Le Social Science Research Council (SSRC) est un organisme
indépendant, à but non lucratif, organisation internationale fondée en 1923. Il nourrit de nouvelles générations de chercheurs en sciences sociales, favorise la recherche innovante, et mobilise
les connaissances nécessaires sur d'importantes questions d'intérêt public. Cependant, le porte-parole de l'armée ougandaise le Col Felix
Kulayigye, a qualifié jeudi le rapport comme étant la gouaille habituelle du type d’organisation oeuvrant pour tenter de rendre compte de l'argent des bailleurs de fonds.
"Ce rapport est malheureux. C'est
à partir de masques qui tentent de gagner le pain de notre sang et la sueur. L'UPDF est une des forces les plus disciplinés en Afrique et nous sommes pro-personnes. Tout le monde peut consulter
notre dossier", a déclaré Kulayigye.
En Novembre 2011, le Groupe basé à Bruxelles, International Crisis a également accusé l'UPDF de piller le bois, l'or et le diamant, non seulement en RCA, mais aussi en République Démocratique du Congo (RDC).
Culture de l'impunité
Le rapport affirme que les
représentants du gouvernement à Bangui ont affirmé que l'UPDF a permis une culture de l'impunité, parce que les responsables ont également été impliqués dans des activités illicites en République
centrafricaine, y compris l'exploitation forestière illégale, le pillage des ressources minérales et la vente de tout [on peut] penser, apportés à vélos de l'Ouganda et à bord des avions de
transport de l'UPDF, des 47 AK et des balles ".

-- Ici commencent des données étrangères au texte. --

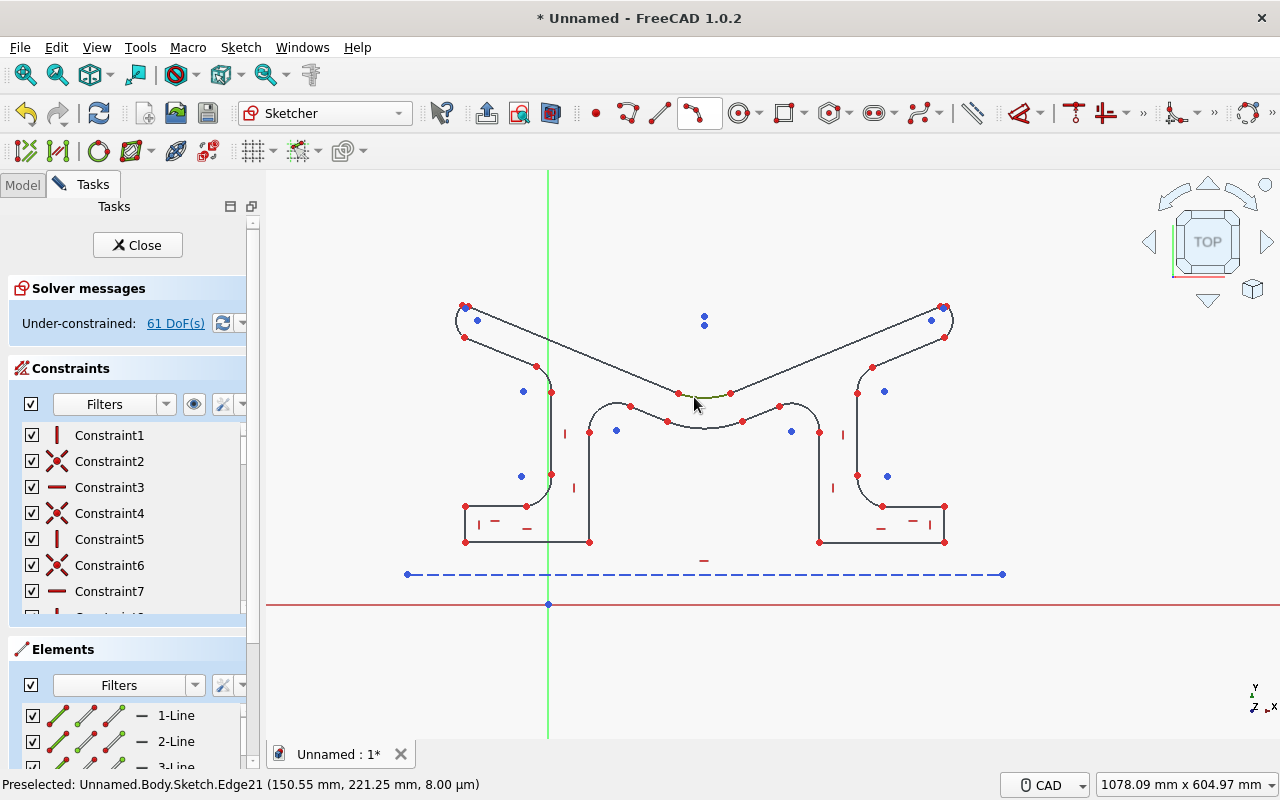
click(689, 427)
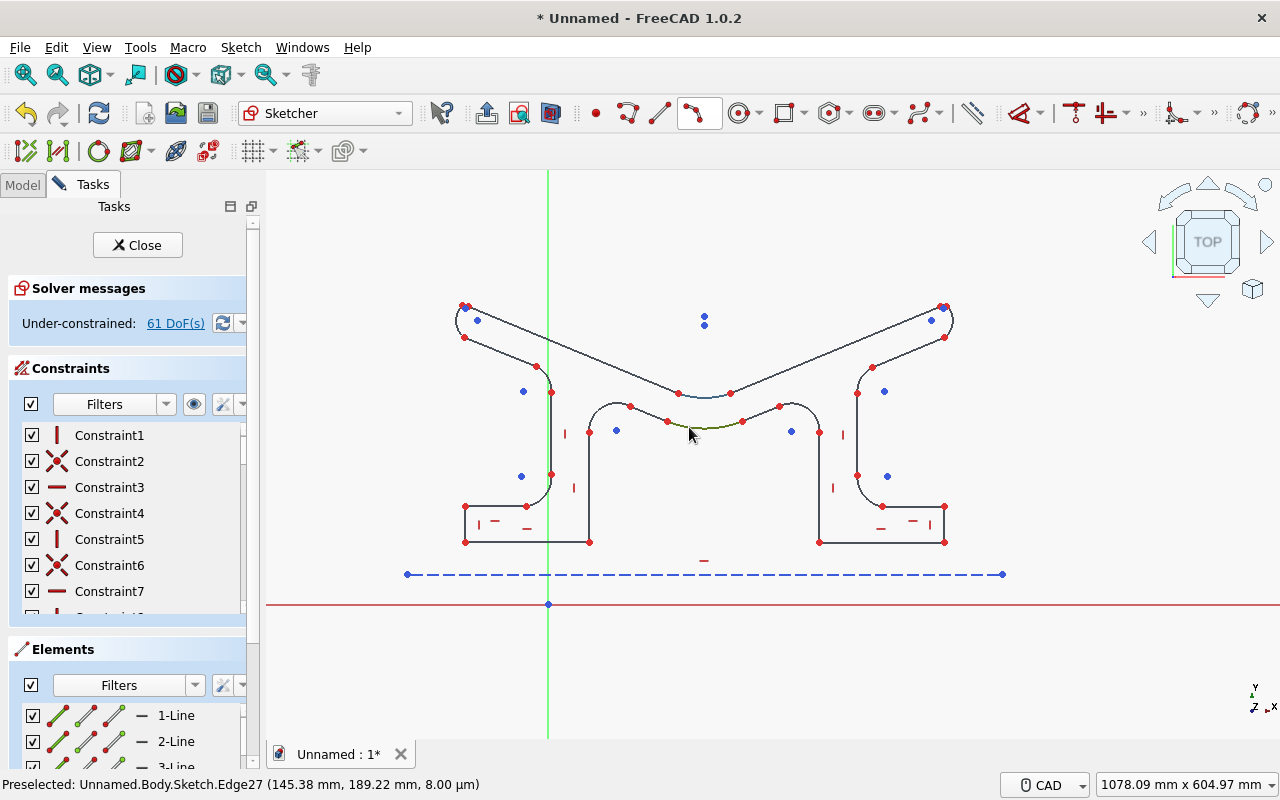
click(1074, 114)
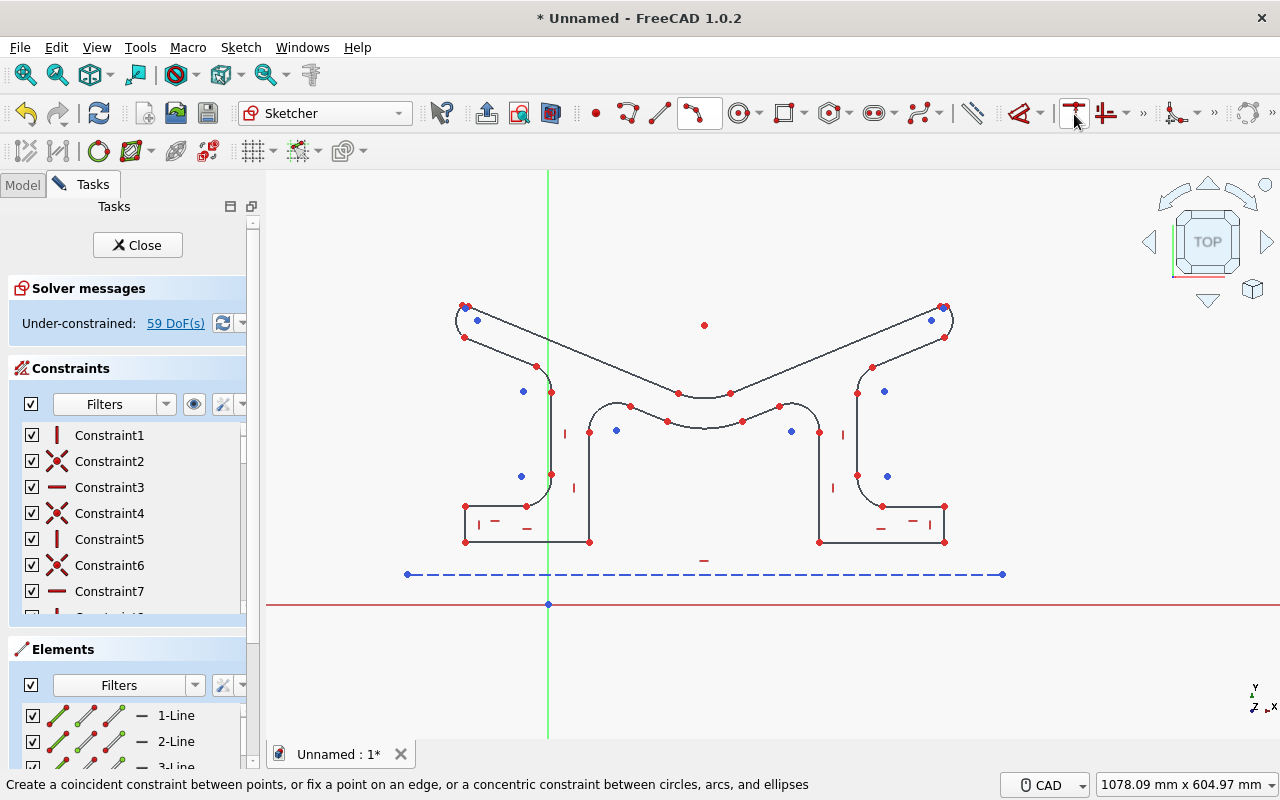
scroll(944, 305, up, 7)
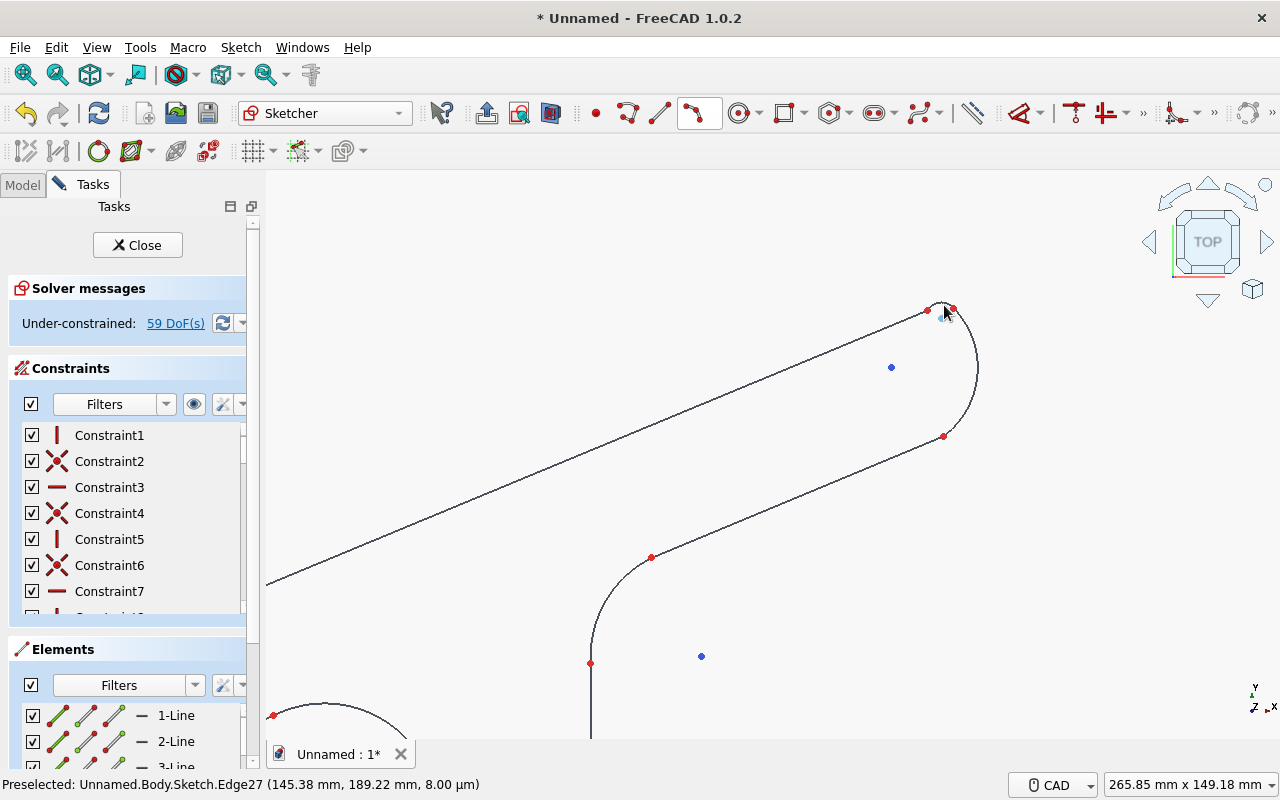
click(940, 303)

Lorsque la LRA a commencé à faire des incursions en RCA, le Président Museveni commencé à courtiser le soutien de son homologue, le général François Bozizé. Cela a
abouti à une visite de Bozizé en Août 2007, finalement scellée par l'accord pour l'UPDF d’entrer dans le pays pour poursuivre Joseph Kony, le chef insaisissable des rebelles. Depuis lors, la traque de Kony et ses rebelles
s'en est suivie. Après s'être échappé de la jungle de Garamba pilonnée par des hélicoptères par une opération de combat en Décembre 2008, Kony a trouvé un sanctuaire le pays francophone de la RCA. Kony et ses acolytes ont continué à
faire couler le sang et la désolation en RCA, tuant, enlevant et pillant les biens, surtout dans les villes d'Obo et Djema.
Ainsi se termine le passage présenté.